## TASK DETAILS
Below are the records. Retype, exactly, the lines from the first through the line with "text Op de website", and leave out the pictures.

## Excerpts from a dataset
************

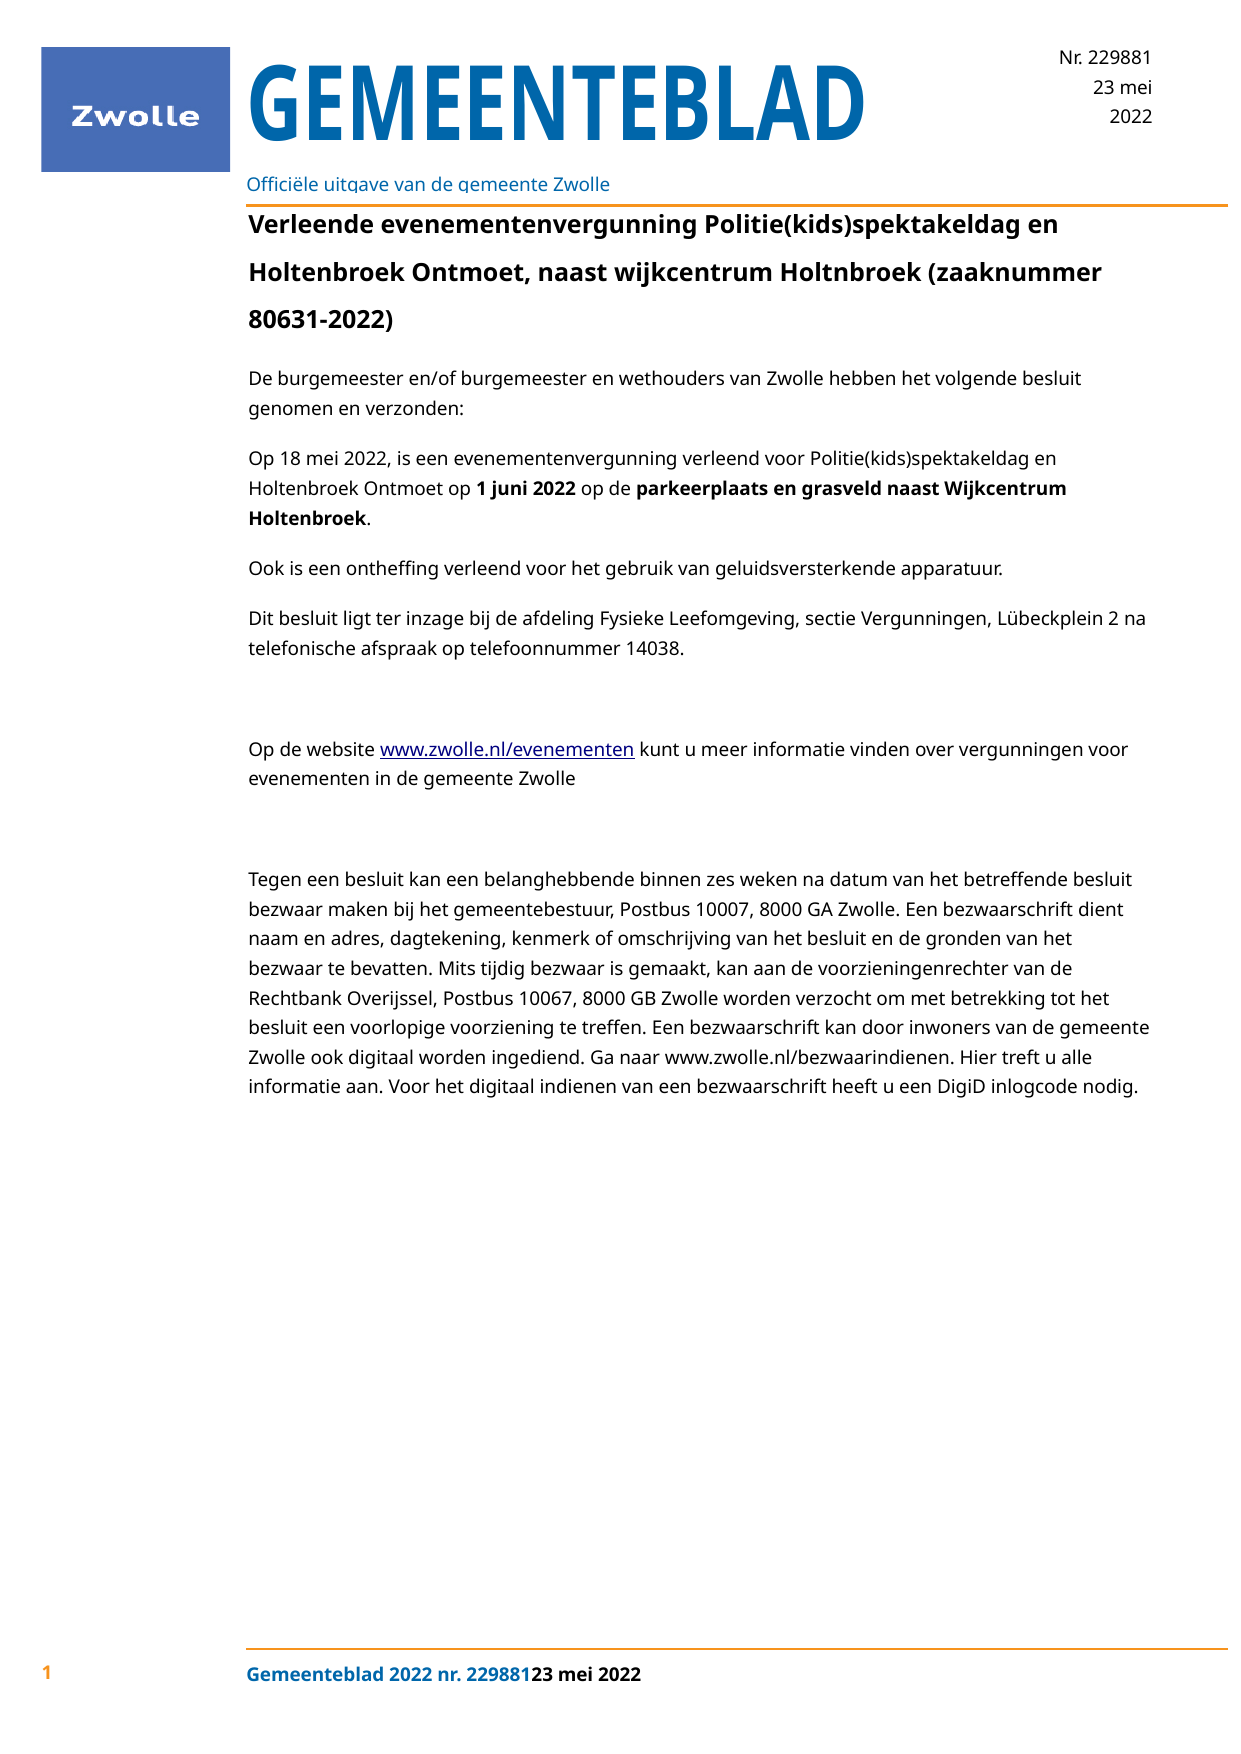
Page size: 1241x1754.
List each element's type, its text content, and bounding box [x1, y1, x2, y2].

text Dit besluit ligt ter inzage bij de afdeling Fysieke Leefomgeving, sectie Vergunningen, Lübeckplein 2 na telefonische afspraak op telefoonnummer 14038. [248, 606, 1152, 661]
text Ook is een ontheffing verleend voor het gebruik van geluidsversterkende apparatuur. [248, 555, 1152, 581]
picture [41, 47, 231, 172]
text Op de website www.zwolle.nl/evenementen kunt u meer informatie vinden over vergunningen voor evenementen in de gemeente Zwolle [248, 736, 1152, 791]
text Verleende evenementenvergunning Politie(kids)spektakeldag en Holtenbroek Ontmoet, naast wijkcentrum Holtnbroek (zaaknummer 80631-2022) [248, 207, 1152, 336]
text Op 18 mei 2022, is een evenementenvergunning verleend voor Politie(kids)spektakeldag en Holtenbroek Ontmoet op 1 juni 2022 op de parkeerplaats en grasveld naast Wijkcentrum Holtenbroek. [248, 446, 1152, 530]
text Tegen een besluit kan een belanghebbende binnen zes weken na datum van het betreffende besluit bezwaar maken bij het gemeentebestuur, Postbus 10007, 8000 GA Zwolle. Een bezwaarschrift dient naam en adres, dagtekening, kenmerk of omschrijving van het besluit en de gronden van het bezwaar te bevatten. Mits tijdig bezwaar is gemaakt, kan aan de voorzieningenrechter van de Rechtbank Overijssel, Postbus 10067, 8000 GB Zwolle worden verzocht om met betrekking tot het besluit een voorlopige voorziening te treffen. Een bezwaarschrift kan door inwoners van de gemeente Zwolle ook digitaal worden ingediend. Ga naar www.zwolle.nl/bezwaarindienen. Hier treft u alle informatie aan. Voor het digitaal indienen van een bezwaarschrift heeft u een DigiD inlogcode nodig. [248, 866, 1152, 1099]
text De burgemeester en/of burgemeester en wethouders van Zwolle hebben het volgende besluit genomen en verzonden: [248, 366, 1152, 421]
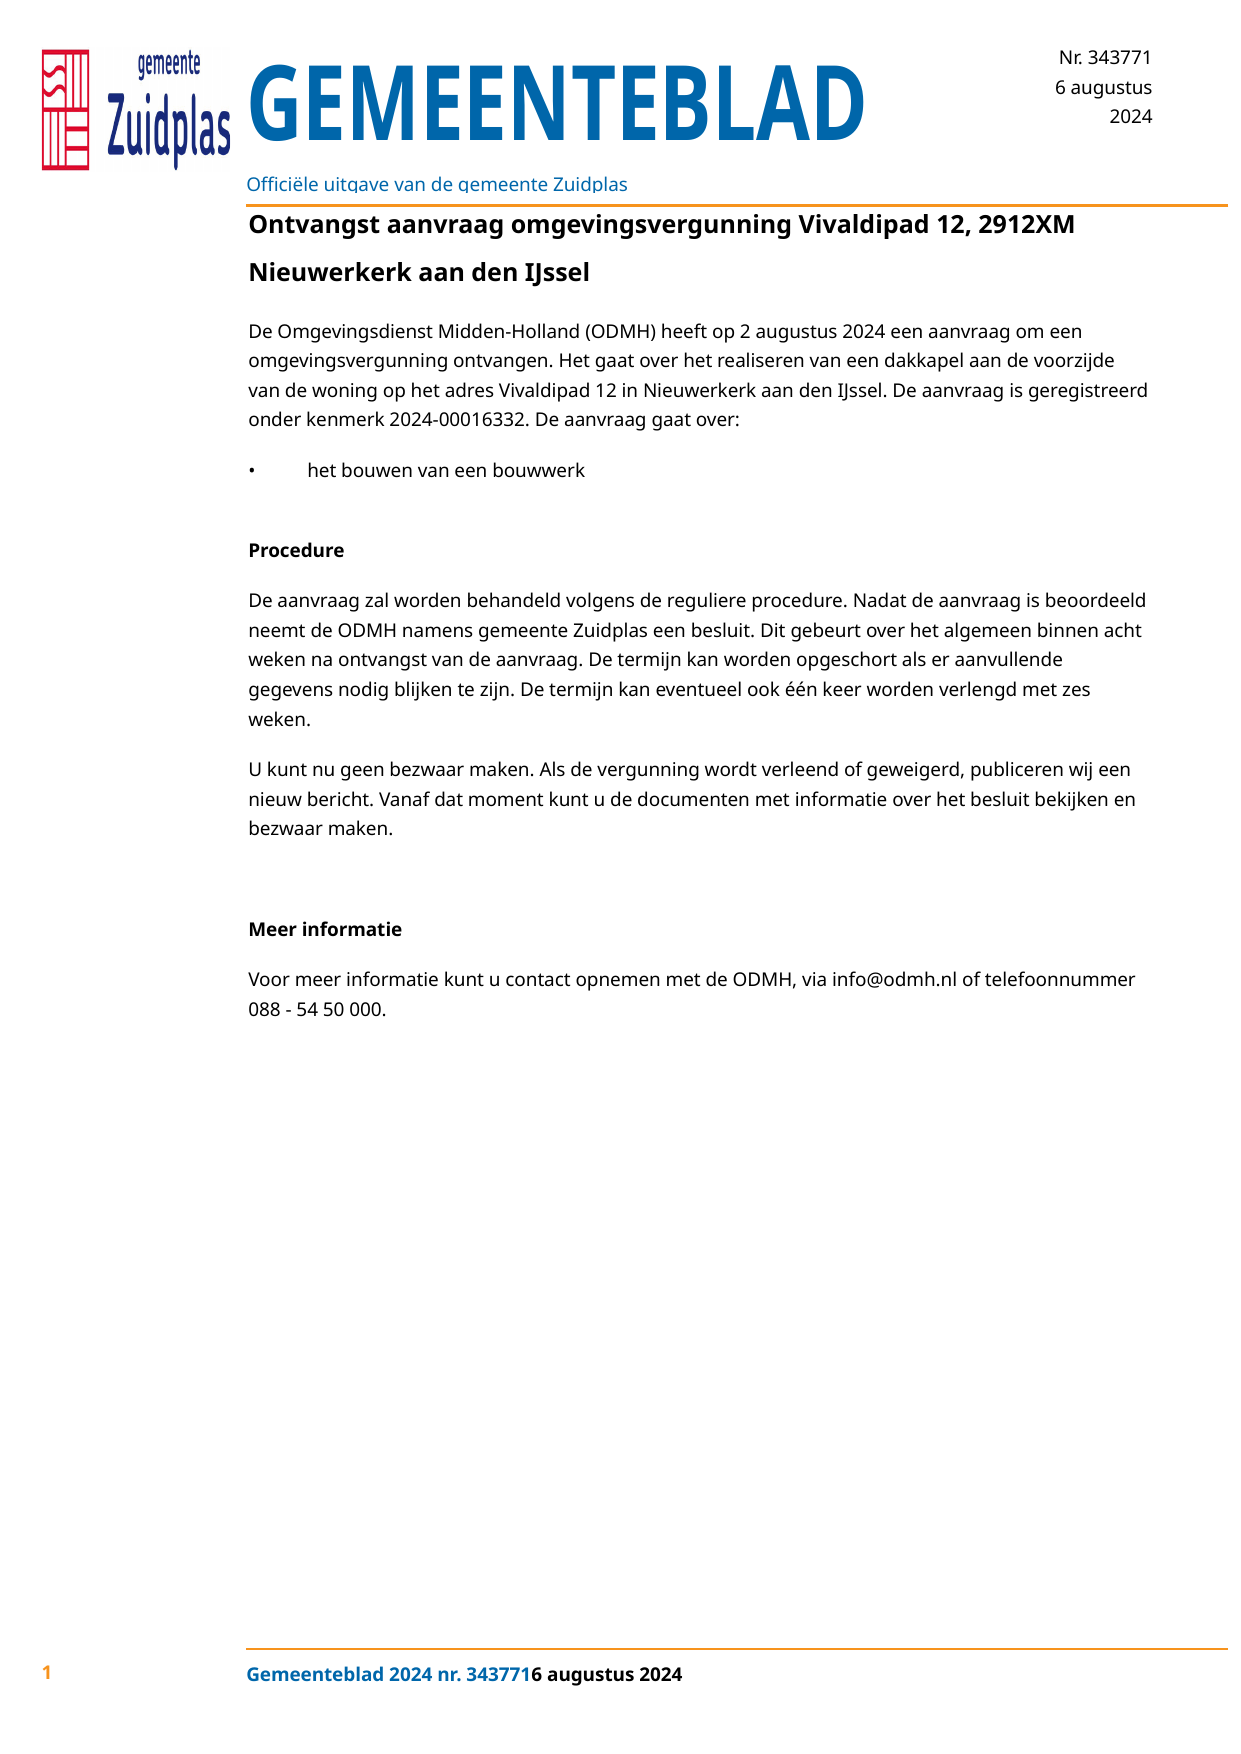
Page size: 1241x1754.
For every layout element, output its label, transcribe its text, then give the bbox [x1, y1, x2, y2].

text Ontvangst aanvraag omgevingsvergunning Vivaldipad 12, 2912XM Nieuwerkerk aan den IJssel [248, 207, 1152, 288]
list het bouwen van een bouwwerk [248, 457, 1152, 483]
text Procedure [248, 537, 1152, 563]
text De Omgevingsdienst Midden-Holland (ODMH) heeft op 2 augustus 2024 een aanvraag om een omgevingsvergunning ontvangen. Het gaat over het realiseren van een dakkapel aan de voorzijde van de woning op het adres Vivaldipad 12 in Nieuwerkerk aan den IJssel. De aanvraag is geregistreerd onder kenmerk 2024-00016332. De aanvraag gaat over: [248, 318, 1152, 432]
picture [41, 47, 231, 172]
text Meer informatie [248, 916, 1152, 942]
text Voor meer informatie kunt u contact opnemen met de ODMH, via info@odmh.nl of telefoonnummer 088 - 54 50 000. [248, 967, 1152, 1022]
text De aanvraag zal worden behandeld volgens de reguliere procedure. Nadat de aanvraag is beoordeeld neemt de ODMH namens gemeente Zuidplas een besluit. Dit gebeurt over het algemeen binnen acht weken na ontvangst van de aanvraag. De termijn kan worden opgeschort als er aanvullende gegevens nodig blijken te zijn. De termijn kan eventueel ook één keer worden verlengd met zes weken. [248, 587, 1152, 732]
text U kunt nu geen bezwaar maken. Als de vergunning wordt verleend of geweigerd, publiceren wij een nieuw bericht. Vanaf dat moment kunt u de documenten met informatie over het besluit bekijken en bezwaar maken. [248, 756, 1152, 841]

************

## SOLVED PROBLEM
Page size: 1241x1754.
List each element's type, its text content, and bounding box [x1, y1, x2, y2].

text Dit besluit ligt ter inzage bij de afdeling Fysieke Leefomgeving, sectie Vergunningen, Lübeckplein 2 na telefonische afspraak op telefoonnummer 14038. [248, 606, 1152, 661]
text Ook is een ontheffing verleend voor het gebruik van geluidsversterkende apparatuur. [248, 555, 1152, 581]
picture [41, 47, 231, 172]
text Op de website www.zwolle.nl/evenementen kunt u meer informatie vinden over vergunningen voor evenementen in de gemeente Zwolle [248, 736, 1152, 791]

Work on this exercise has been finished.